Once ready, for each terminal, you should see a REST server running on http://0.0.0.0:5000 of the container.

You are now ready for the next step.

## Configurations

### A. Configuring `Synergos Simulator`

All hosts & ports have already been pre-allocated!

Refer to [this](https://github.com/aimakerspace/synergos_simulator) for all the pre-allocated host & port mappings.

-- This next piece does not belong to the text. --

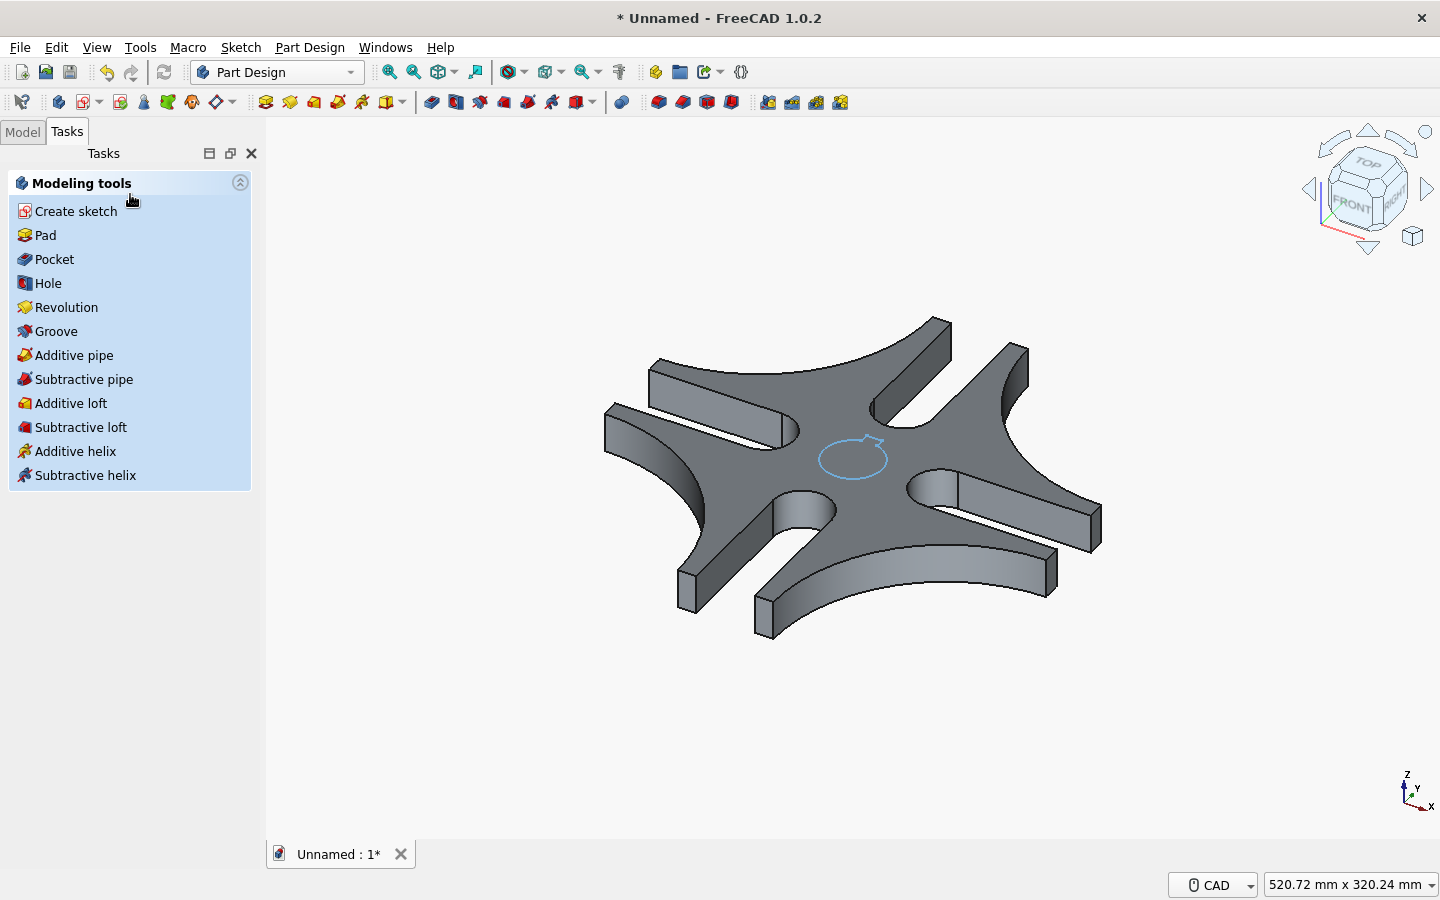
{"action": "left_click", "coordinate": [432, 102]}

### B. Configuring your manual setup

In a new terminal, run `docker inspect bridge` and find the IPv4Address for each container. Ideally, the containers should have the following addresses:
- director address: `172.17.0.2`
- Sub-Grid 1
  - ttp_1 address: `172.17.0.3`
  - worker_1_n1 address: `172.17.0.4`
  - worker_2_n1 address: `172.17.0.5`
- Sub-Grid 2
  - ttp_2 address: `172.17.0.6`
  - worker_1_n2 address: `172.17.0.7`
  - worker_2_n2 address: `172.17.0.8`
- UI address: `172.17.0.9`
- Logger address: `172.17.0.14`
- MLOps address: `172.17.0.15`
- MQ address: `172.17.0.16`

If not, just note the relevant IP addresses for each docker container.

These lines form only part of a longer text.